4.11 Fears of Duplication May Be Overrated
When considering measures for adoption in a PTA, their inclusion in the TFA should not serve as a deterrent on the grounds of fear of duplication. Apart from the fact that disciplines are rarely phrased in identical terms, the different implementation modalities already ensure a complementary role. The absence of the TFA’s extensive flexibilities alone would add an additional layer of commitment, even in the case of matching provisions. Not having the ability to self-determine implementation dates, for instance – without an upper limit – clearly influences when a measure’s impact can be expected on the ground.
This becomes all the more relevant when considering that current commitment rates for some of the most impactful TFA measures leave room for upward movement. Only slightly more than half of all WTO Members are currently bound to have established a single window, for instance, even though the TFA sets out the related obligation in best endeavour terms. Little more than 60 per cent are already committed to border agency cooperation, despite its important role in enhancing supply chain resilience and reducing illicit trade (see Figure 4.1).

When seeking to enhance facilitation at the regional level, there are a few lessons to be learned from the COVID-19 crisis. The pandemic clearly underlined the importance of global supply chains, but also exposed their vulnerability. With many of the production and distribution networks currently under review, thought should be given to optimising – and in some cases redrawing – existing trade and supply chain maps with a focus on the areas most affected by the crisis, which continues to be a stress test to the current system.
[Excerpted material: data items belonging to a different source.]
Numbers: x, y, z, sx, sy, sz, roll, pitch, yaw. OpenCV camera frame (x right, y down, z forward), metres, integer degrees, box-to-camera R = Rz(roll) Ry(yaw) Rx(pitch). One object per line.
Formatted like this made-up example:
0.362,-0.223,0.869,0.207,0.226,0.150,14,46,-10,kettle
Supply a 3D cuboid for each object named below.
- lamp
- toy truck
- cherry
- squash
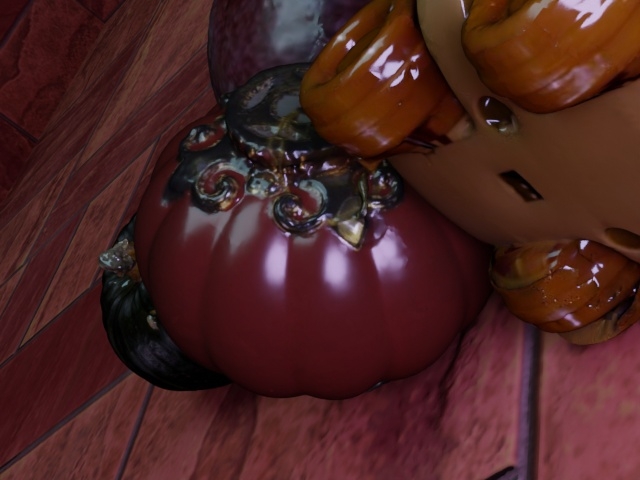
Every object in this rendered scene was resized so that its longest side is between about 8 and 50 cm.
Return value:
0.000,0.000,0.743,0.227,0.227,0.227,-44,22,22,lamp
0.149,-0.087,0.546,0.211,0.204,0.288,-57,20,-21,toy truck
0.016,-0.153,0.962,0.230,0.203,0.300,-29,42,33,cherry
-0.096,0.029,0.966,0.193,0.156,0.193,-161,90,-86,squash
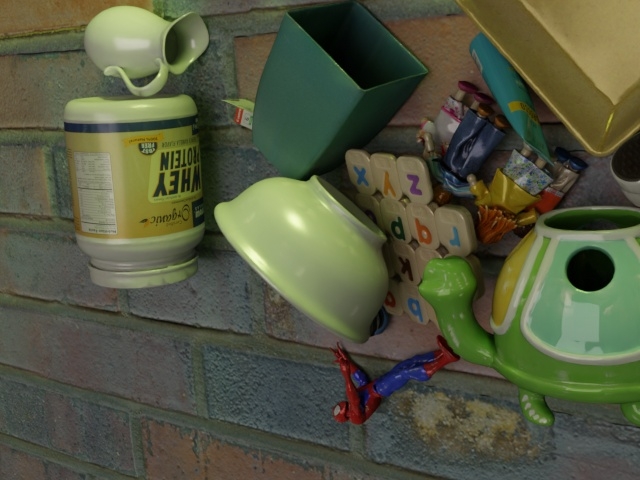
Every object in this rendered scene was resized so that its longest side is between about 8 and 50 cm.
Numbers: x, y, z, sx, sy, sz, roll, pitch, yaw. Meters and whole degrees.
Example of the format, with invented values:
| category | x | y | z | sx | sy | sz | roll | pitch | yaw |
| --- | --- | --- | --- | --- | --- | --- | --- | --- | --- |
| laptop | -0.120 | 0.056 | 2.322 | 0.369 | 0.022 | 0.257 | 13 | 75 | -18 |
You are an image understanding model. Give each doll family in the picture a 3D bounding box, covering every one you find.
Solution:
| category | x | y | z | sx | sy | sz | roll | pitch | yaw |
| --- | --- | --- | --- | --- | --- | --- | --- | --- | --- |
| doll family | 0.219 | -0.091 | 1.123 | 0.263 | 0.118 | 0.163 | 41 | 122 | 20 |

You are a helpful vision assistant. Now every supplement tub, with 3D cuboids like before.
| category | x | y | z | sx | sy | sz | roll | pitch | yaw |
| --- | --- | --- | --- | --- | --- | --- | --- | --- | --- |
| supplement tub | -0.321 | -0.092 | 1.433 | 0.228 | 0.228 | 0.316 | 7 | 107 | 33 |

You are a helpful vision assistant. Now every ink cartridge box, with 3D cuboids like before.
| category | x | y | z | sx | sy | sz | roll | pitch | yaw |
| --- | --- | --- | --- | --- | --- | --- | --- | --- | --- |
| ink cartridge box | -0.108 | -0.205 | 1.356 | 0.115 | 0.063 | 0.029 | 26 | 114 | 28 |

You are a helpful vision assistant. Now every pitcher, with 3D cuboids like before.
| category | x | y | z | sx | sy | sz | roll | pitch | yaw |
| --- | --- | --- | --- | --- | --- | --- | --- | --- | --- |
| pitcher | -0.321 | -0.324 | 1.412 | 0.207 | 0.178 | 0.125 | 11 | 148 | 30 |

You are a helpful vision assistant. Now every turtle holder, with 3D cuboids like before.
| category | x | y | z | sx | sy | sz | roll | pitch | yaw |
| --- | --- | --- | --- | --- | --- | --- | --- | --- | --- |
| turtle holder | 0.315 | 0.076 | 1.026 | 0.320 | 0.243 | 0.228 | 11 | 116 | 46 |

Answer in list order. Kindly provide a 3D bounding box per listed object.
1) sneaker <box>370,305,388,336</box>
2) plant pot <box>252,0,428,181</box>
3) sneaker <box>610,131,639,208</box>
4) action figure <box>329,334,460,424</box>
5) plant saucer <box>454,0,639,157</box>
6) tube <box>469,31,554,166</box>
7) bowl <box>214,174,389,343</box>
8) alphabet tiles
| category | x | y | z | sx | sy | sz | roll | pitch | yaw |
| --- | --- | --- | --- | --- | --- | --- | --- | --- | --- |
| sneaker | 0.023 | 0.097 | 1.334 | 0.188 | 0.078 | 0.067 | 33 | 123 | 25 |
| plant pot | 0.004 | -0.207 | 1.222 | 0.166 | 0.165 | 0.234 | 49 | 132 | 15 |
| sneaker | 0.494 | -0.124 | 0.956 | 0.290 | 0.123 | 0.106 | -29 | 43 | 23 |
| action figure | 0.091 | 0.197 | 1.307 | 0.139 | 0.091 | 0.280 | 49 | 123 | 6 |
| plant saucer | 0.363 | -0.329 | 0.985 | 0.333 | 0.081 | 0.333 | 53 | 125 | 13 |
| tube | 0.247 | -0.187 | 1.058 | 0.052 | 0.080 | 0.207 | -38 | 49 | 31 |
| bowl | 0.000 | 0.000 | 1.179 | 0.298 | 0.298 | 0.134 | 44 | 100 | 18 |
| alphabet tiles | 0.123 | -0.001 | 1.203 | 0.284 | 0.021 | 0.278 | 14 | 125 | 51 |

Trade facilitation initiatives in PTAs can be an important component of such endeavours. Countries seeking to improve their integration into global production networks could use the PTA track as a (complementary) tool in their efforts to remove border bottlenecks and transform them into gateways for their imports and exports. Consistently pursuing improved access to regional production networks could further promote the expansion of global value chains and enhance their resilience.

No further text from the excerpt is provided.